*** Begin section ***

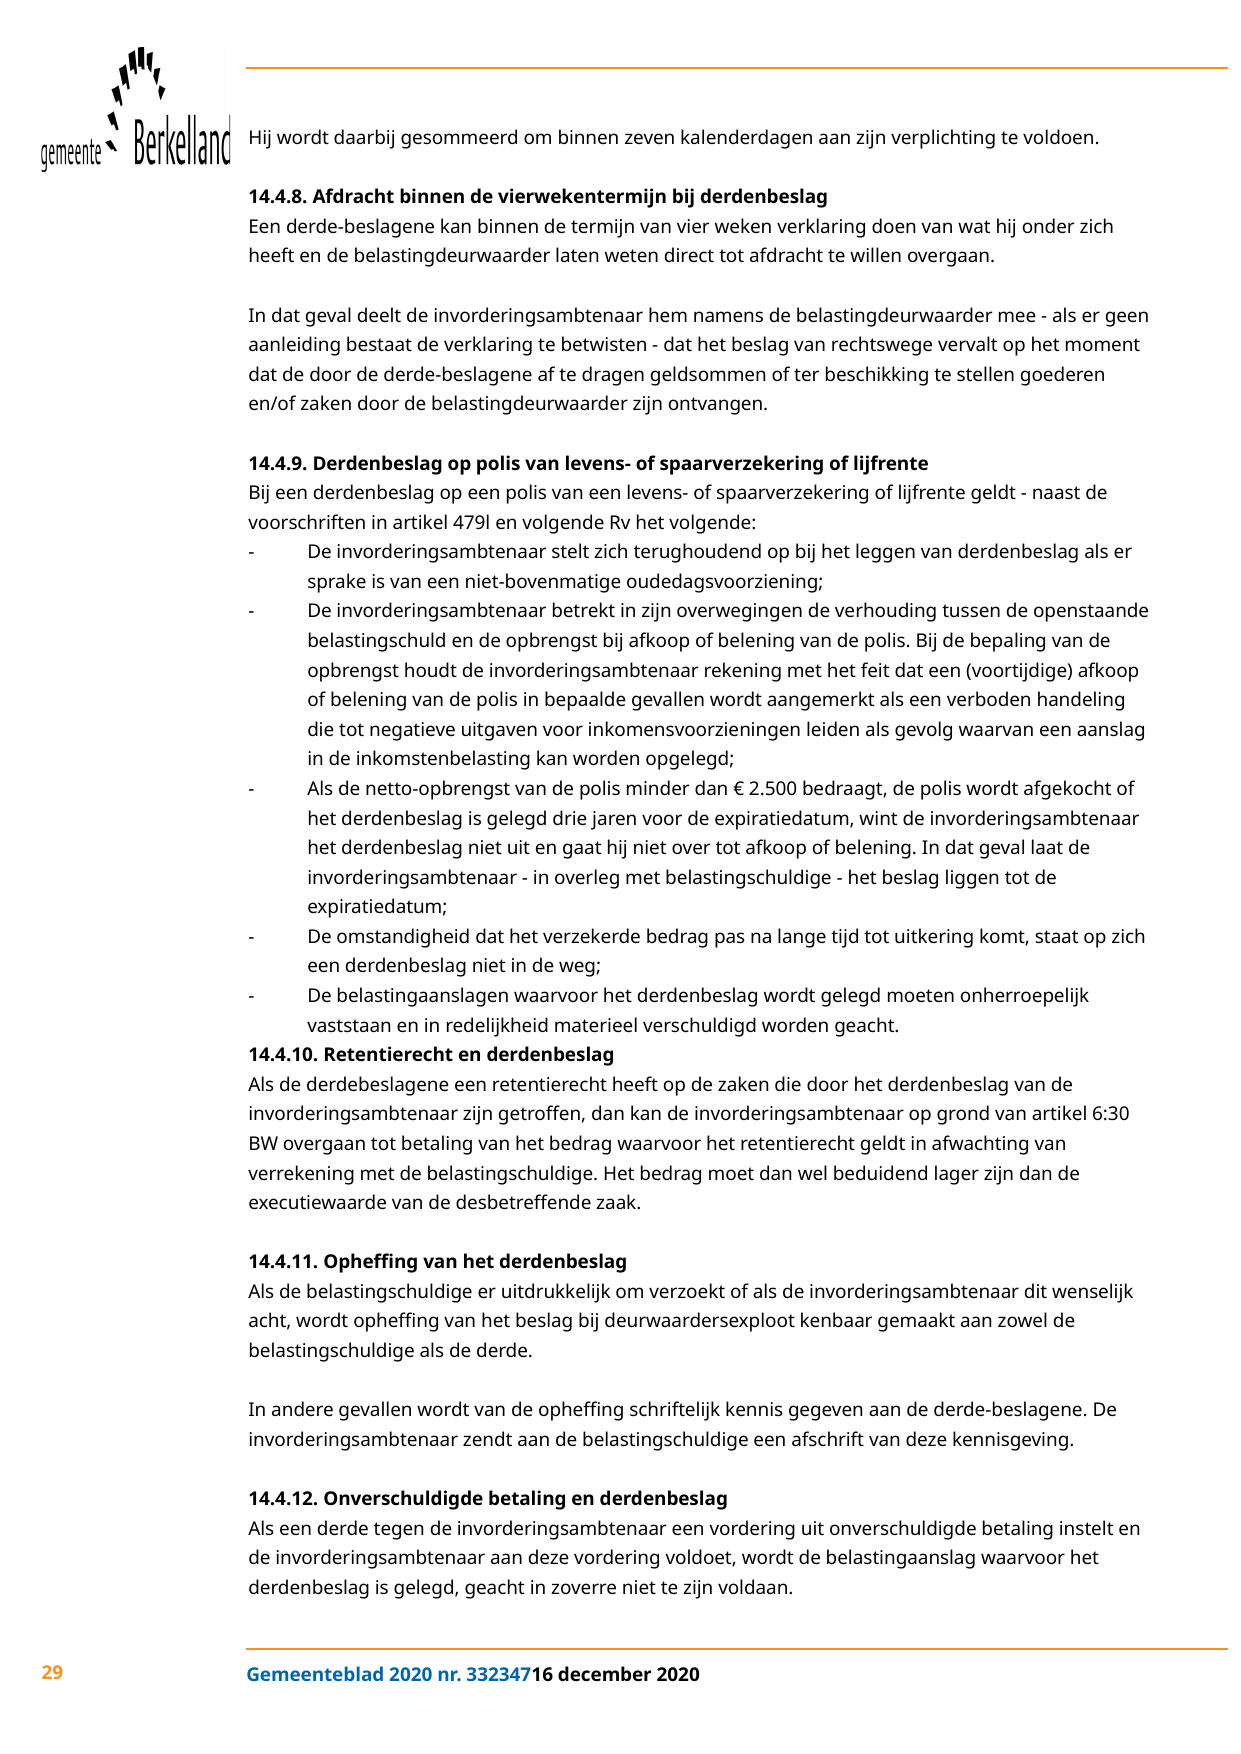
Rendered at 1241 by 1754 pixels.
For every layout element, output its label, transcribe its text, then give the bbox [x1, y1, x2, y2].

picture [41, 47, 231, 172]
text Hij wordt daarbij gesommeerd om binnen zeven kalenderdagen aan zijn verplichting te voldoen. [248, 124, 1152, 150]
text 14.4.9. Derdenbeslag op polis van levens- of spaarverzekering of lijfrente [248, 450, 1152, 476]
text In dat geval deelt de invorderingsambtenaar hem namens de belastingdeurwaarder mee - als er geen aanleiding bestaat de verklaring te betwisten - dat het beslag van rechtswege vervalt op het moment dat de door de derde-beslagene af te dragen geldsommen of ter beschikking te stellen goederen en/of zaken door de belastingdeurwaarder zijn ontvangen. [248, 302, 1152, 416]
text Als de derdebeslagene een retentierecht heeft op de zaken die door het derdenbeslag van de invorderingsambtenaar zijn getroffen, dan kan de invorderingsambtenaar op grond van artikel 6:30 BW overgaan tot betaling van het bedrag waarvoor het retentierecht geldt in afwachting van verrekening met de belastingschuldige. Het bedrag moet dan wel beduidend lager zijn dan de executiewaarde van de desbetreffende zaak. [248, 1071, 1152, 1215]
text 14.4.11. Opheffing van het derdenbeslag [248, 1248, 1152, 1274]
text Als de belastingschuldige er uitdrukkelijk om verzoekt of als de invorderingsambtenaar dit wenselijk acht, wordt opheffing van het beslag bij deurwaardersexploot kenbaar gemaakt aan zowel de belastingschuldige als de derde. [248, 1278, 1152, 1363]
text Een derde-beslagene kan binnen de termijn van vier weken verklaring doen van wat hij onder zich heeft en de belastingdeurwaarder laten weten direct tot afdracht te willen overgaan. [248, 213, 1152, 268]
text Als een derde tegen de invorderingsambtenaar een vordering uit onverschuldigde betaling instelt en de invorderingsambtenaar aan deze vordering voldoet, wordt de belastingaanslag waarvoor het derdenbeslag is gelegd, geacht in zoverre niet te zijn voldaan. [248, 1515, 1152, 1600]
text 14.4.10. Retentierecht en derdenbeslag [248, 1041, 1152, 1067]
list De invorderingsambtenaar stelt zich terughoudend op bij het leggen van derdenbeslag als er sprake is van een niet-bovenmatige oudedagsvoorziening; [248, 538, 1152, 594]
text Bij een derdenbeslag op een polis van een levens- of spaarverzekering of lijfrente geldt - naast de voorschriften in artikel 479l en volgende Rv het volgende: [248, 479, 1152, 535]
list De belastingaanslagen waarvoor het derdenbeslag wordt gelegd moeten onherroepelijk vaststaan en in redelijkheid materieel verschuldigd worden geacht. [248, 982, 1152, 1038]
text 14.4.8. Afdracht binnen de vierwekentermijn bij derdenbeslag [248, 183, 1152, 209]
list De omstandigheid dat het verzekerde bedrag pas na lange tijd tot uitkering komt, staat op zich een derdenbeslag niet in de weg; [248, 923, 1152, 978]
text 14.4.12. Onverschuldigde betaling en derdenbeslag [248, 1485, 1152, 1511]
list De invorderingsambtenaar betrekt in zijn overwegingen de verhouding tussen de openstaande belastingschuld en de opbrengst bij afkoop of belening van de polis. Bij de bepaling van de opbrengst houdt de invorderingsambtenaar rekening met het feit dat een (voortijdige) afkoop of belening van de polis in bepaalde gevallen wordt aangemerkt als een verboden handeling die tot negatieve uitgaven voor inkomensvoorzieningen leiden als gevolg waarvan een aanslag in de inkomstenbelasting kan worden opgelegd; [248, 598, 1152, 771]
text In andere gevallen wordt van de opheffing schriftelijk kennis gegeven aan de derde-beslagene. De invorderingsambtenaar zendt aan de belastingschuldige een afschrift van deze kennisgeving. [248, 1396, 1152, 1452]
list Als de netto-opbrengst van de polis minder dan € 2.500 bedraagt, de polis wordt afgekocht of het derdenbeslag is gelegd drie jaren voor de expiratiedatum, wint de invorderingsambtenaar het derdenbeslag niet uit en gaat hij niet over tot afkoop of belening. In dat geval laat de invorderingsambtenaar - in overleg met belastingschuldige - het beslag liggen tot de expiratiedatum; [248, 775, 1152, 919]
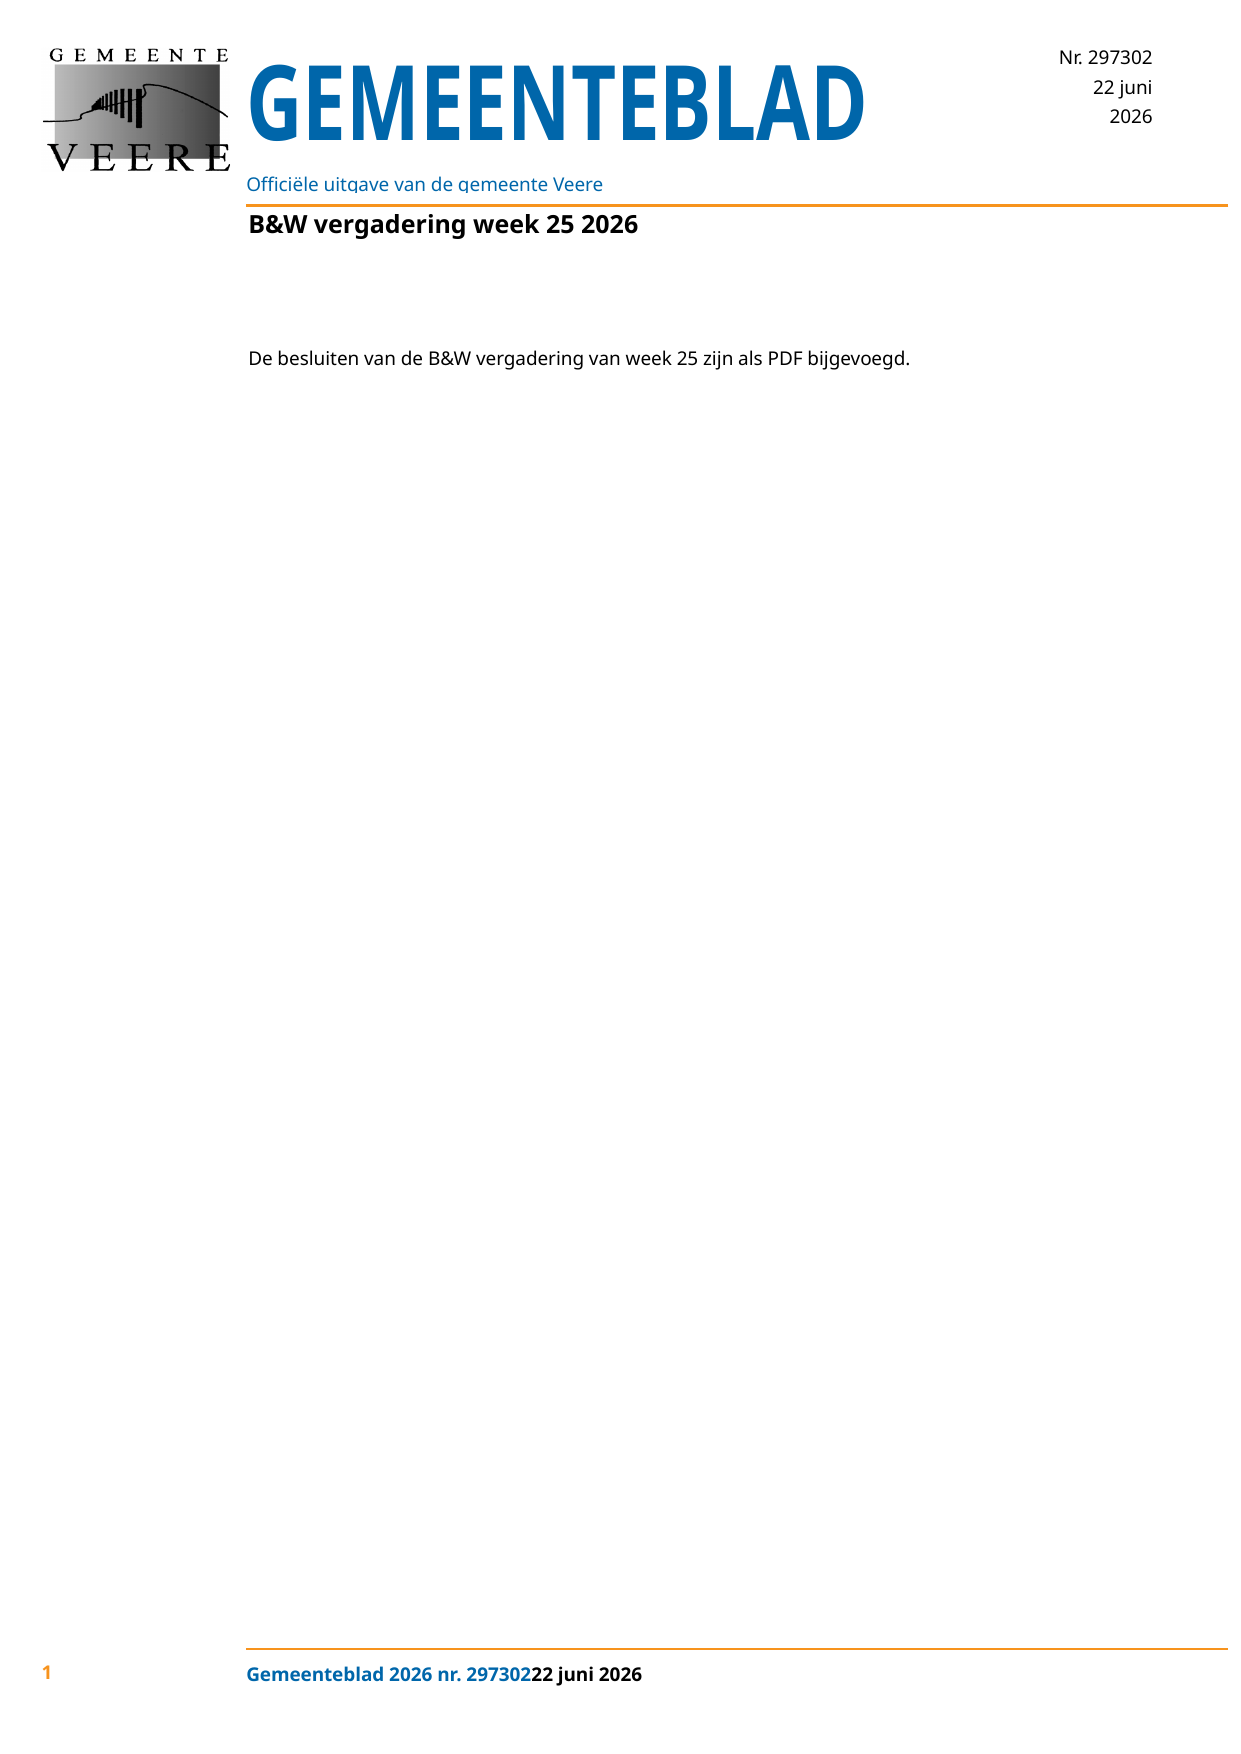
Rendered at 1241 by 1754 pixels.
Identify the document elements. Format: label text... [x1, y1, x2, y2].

text De besluiten van de B&W vergadering van week 25 zijn als PDF bijgevoegd. [248, 345, 1152, 371]
text B&W vergadering week 25 2026 [248, 207, 1152, 241]
picture [41, 47, 231, 172]
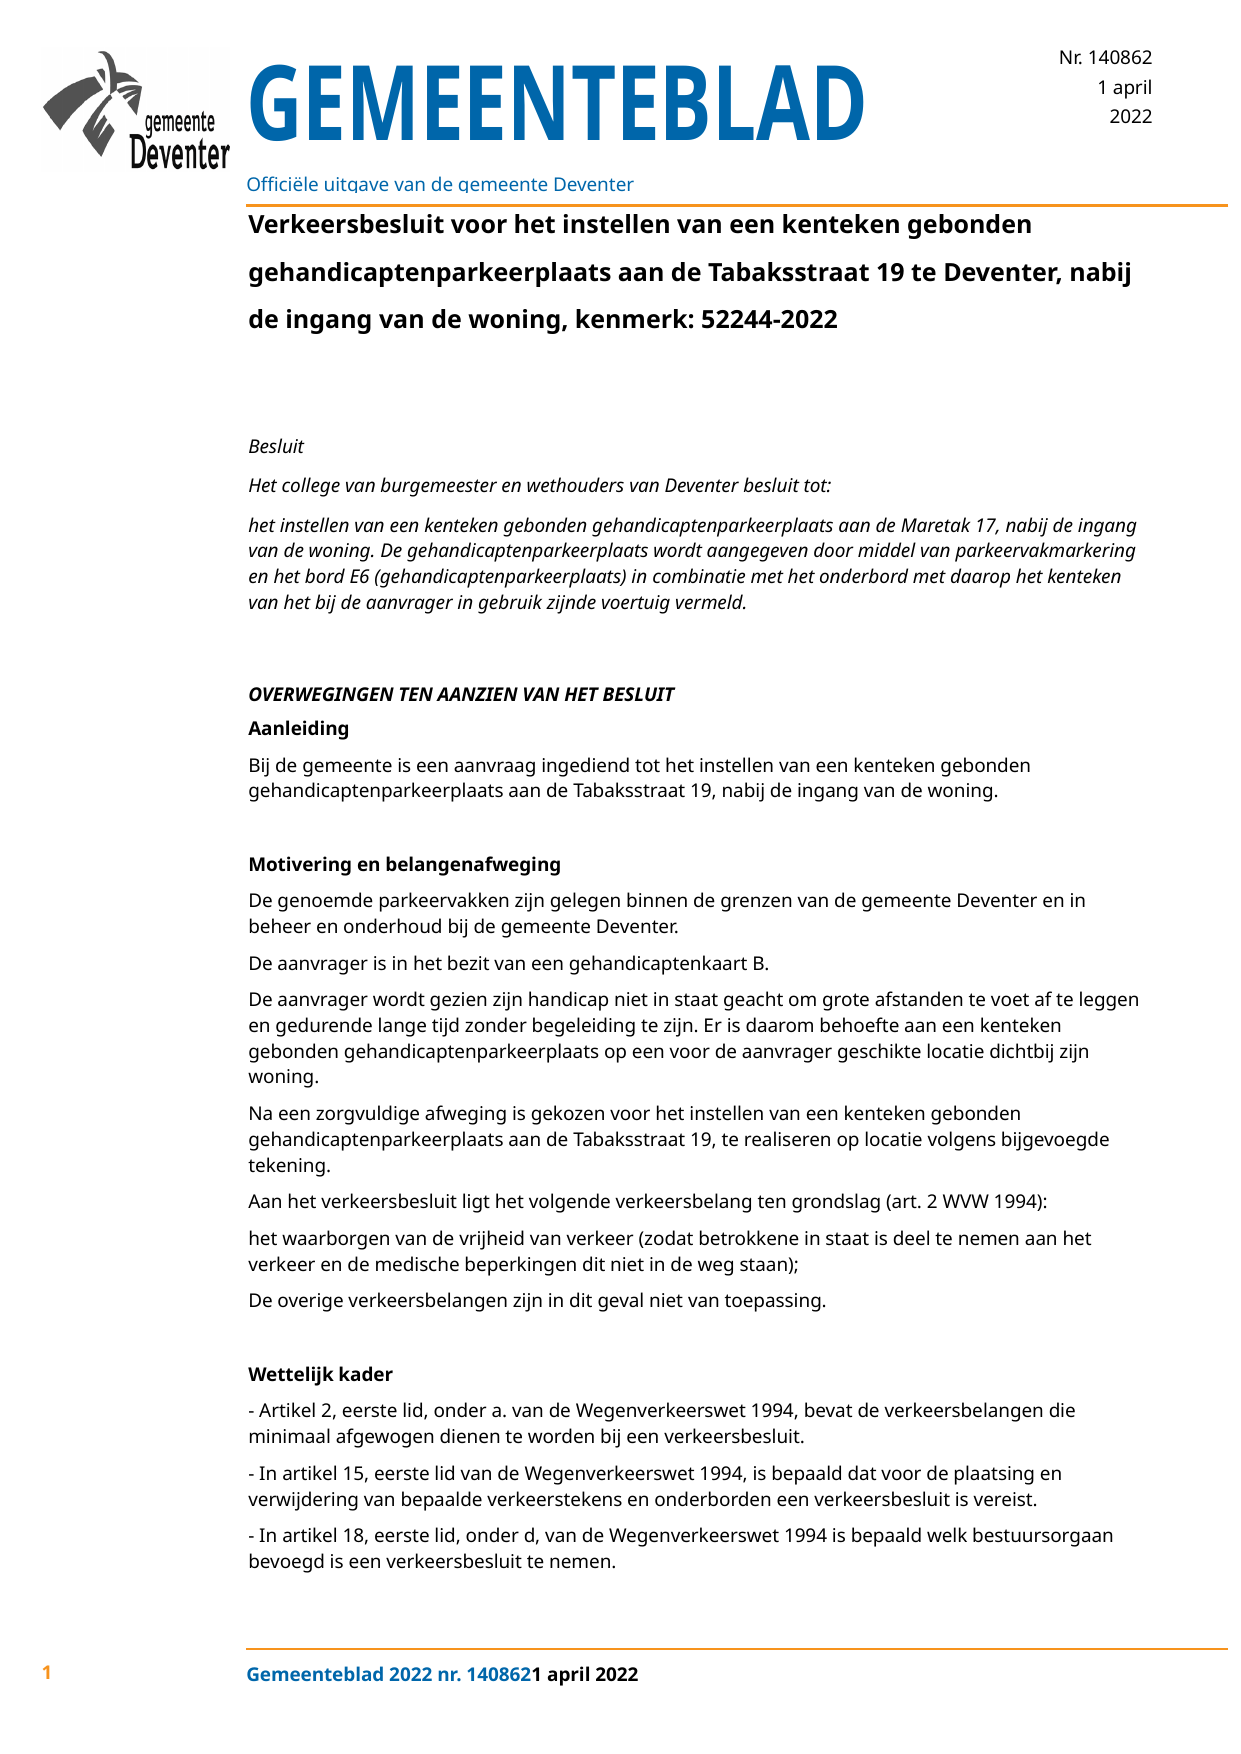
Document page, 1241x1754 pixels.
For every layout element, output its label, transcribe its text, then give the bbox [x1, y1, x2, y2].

picture [41, 47, 231, 172]
text het instellen van een kenteken gebonden gehandicaptenparkeerplaats aan de Maretak 17, nabij de ingang van de woning. De gehandicaptenparkeerplaats wordt aangegeven door middel van parkeervakmarkering en het bord E6 (gehandicaptenparkeerplaats) in combinatie met het onderbord met daarop het kenteken van het bij de aanvrager in gebruik zijnde voertuig vermeld. [248, 512, 1152, 615]
text Aan het verkeersbesluit ligt het volgende verkeersbelang ten grondslag (art. 2 WVW 1994): [248, 1188, 1152, 1214]
text De overige verkeersbelangen zijn in dit geval niet van toepassing. [248, 1288, 1152, 1313]
text Bij de gemeente is een aanvraag ingediend tot het instellen van een kenteken gebonden gehandicaptenparkeerplaats aan de Tabaksstraat 19, nabij de ingang van de woning. [248, 752, 1152, 803]
text - In artikel 18, eerste lid, onder d, van de Wegenverkeerswet 1994 is bepaald welk bestuursorgaan bevoegd is een verkeersbesluit te nemen. [248, 1522, 1152, 1574]
text het waarborgen van de vrijheid van verkeer (zodat betrokkene in staat is deel te nemen aan het verkeer en de medische beperkingen dit niet in de weg staan); [248, 1225, 1152, 1277]
text Aanleiding [248, 715, 1152, 741]
text - Artikel 2, eerste lid, onder a. van de Wegenverkeerswet 1994, bevat de verkeersbelangen die minimaal afgewogen dienen te worden bij een verkeersbesluit. [248, 1398, 1152, 1449]
text De genoemde parkeervakken zijn gelegen binnen de grenzen van de gemeente Deventer en in beheer en onderhoud bij de gemeente Deventer. [248, 887, 1152, 939]
text OVERWEGINGEN TEN AANZIEN VAN HET BESLUIT [248, 681, 1152, 707]
text Motivering en belangenafweging [248, 851, 1152, 877]
text Na een zorgvuldige afweging is gekozen voor het instellen van een kenteken gebonden gehandicaptenparkeerplaats aan de Tabaksstraat 19, te realiseren op locatie volgens bijgevoegde tekening. [248, 1100, 1152, 1178]
text Wettelijk kader [248, 1361, 1152, 1387]
text Verkeersbesluit voor het instellen van een kenteken gebonden gehandicaptenparkeerplaats aan de Tabaksstraat 19 te Deventer, nabij de ingang van de woning, kenmerk: 52244-2022 [248, 207, 1152, 336]
text De aanvrager wordt gezien zijn handicap niet in staat geacht om grote afstanden te voet af te leggen en gedurende lange tijd zonder begeleiding te zijn. Er is daarom behoefte aan een kenteken gebonden gehandicaptenparkeerplaats op een voor de aanvrager geschikte locatie dichtbij zijn woning. [248, 987, 1152, 1089]
text - In artikel 15, eerste lid van de Wegenverkeerswet 1994, is bepaald dat voor de plaatsing en verwijdering van bepaalde verkeerstekens en onderborden een verkeersbesluit is vereist. [248, 1460, 1152, 1511]
text De aanvrager is in het bezit van een gehandicaptenkaart B. [248, 950, 1152, 976]
text Besluit [248, 433, 1152, 459]
text Het college van burgemeester en wethouders van Deventer besluit tot: [248, 472, 1152, 498]

*** End section ***

## WHAT THIS TASK INVOLVES
Pictures excluded, reproduce only the part above that opens with the line holding "Identify the document" and closes with the line holding "text Motivering en", exactly as written.

## TASK SOLUTION
Identify the document elements. Format: label text... [x1, y1, x2, y2].

text De besluiten van de B&W vergadering van week 25 zijn als PDF bijgevoegd. [248, 345, 1152, 371]
text B&W vergadering week 25 2026 [248, 207, 1152, 241]
picture [41, 47, 231, 172]
Document page, 1241x1754 pixels.
For every layout element, output its label, transcribe its text, then give the bbox [x1, y1, x2, y2].

picture [41, 47, 231, 172]
text het instellen van een kenteken gebonden gehandicaptenparkeerplaats aan de Maretak 17, nabij de ingang van de woning. De gehandicaptenparkeerplaats wordt aangegeven door middel van parkeervakmarkering en het bord E6 (gehandicaptenparkeerplaats) in combinatie met het onderbord met daarop het kenteken van het bij de aanvrager in gebruik zijnde voertuig vermeld. [248, 512, 1152, 615]
text Aan het verkeersbesluit ligt het volgende verkeersbelang ten grondslag (art. 2 WVW 1994): [248, 1188, 1152, 1214]
text De overige verkeersbelangen zijn in dit geval niet van toepassing. [248, 1288, 1152, 1313]
text Bij de gemeente is een aanvraag ingediend tot het instellen van een kenteken gebonden gehandicaptenparkeerplaats aan de Tabaksstraat 19, nabij de ingang van de woning. [248, 752, 1152, 803]
text - In artikel 18, eerste lid, onder d, van de Wegenverkeerswet 1994 is bepaald welk bestuursorgaan bevoegd is een verkeersbesluit te nemen. [248, 1522, 1152, 1574]
text het waarborgen van de vrijheid van verkeer (zodat betrokkene in staat is deel te nemen aan het verkeer en de medische beperkingen dit niet in de weg staan); [248, 1225, 1152, 1277]
text Aanleiding [248, 715, 1152, 741]
text - Artikel 2, eerste lid, onder a. van de Wegenverkeerswet 1994, bevat de verkeersbelangen die minimaal afgewogen dienen te worden bij een verkeersbesluit. [248, 1398, 1152, 1449]
text De genoemde parkeervakken zijn gelegen binnen de grenzen van de gemeente Deventer en in beheer en onderhoud bij de gemeente Deventer. [248, 887, 1152, 939]
text OVERWEGINGEN TEN AANZIEN VAN HET BESLUIT [248, 681, 1152, 707]
text Motivering en belangenafweging [248, 851, 1152, 877]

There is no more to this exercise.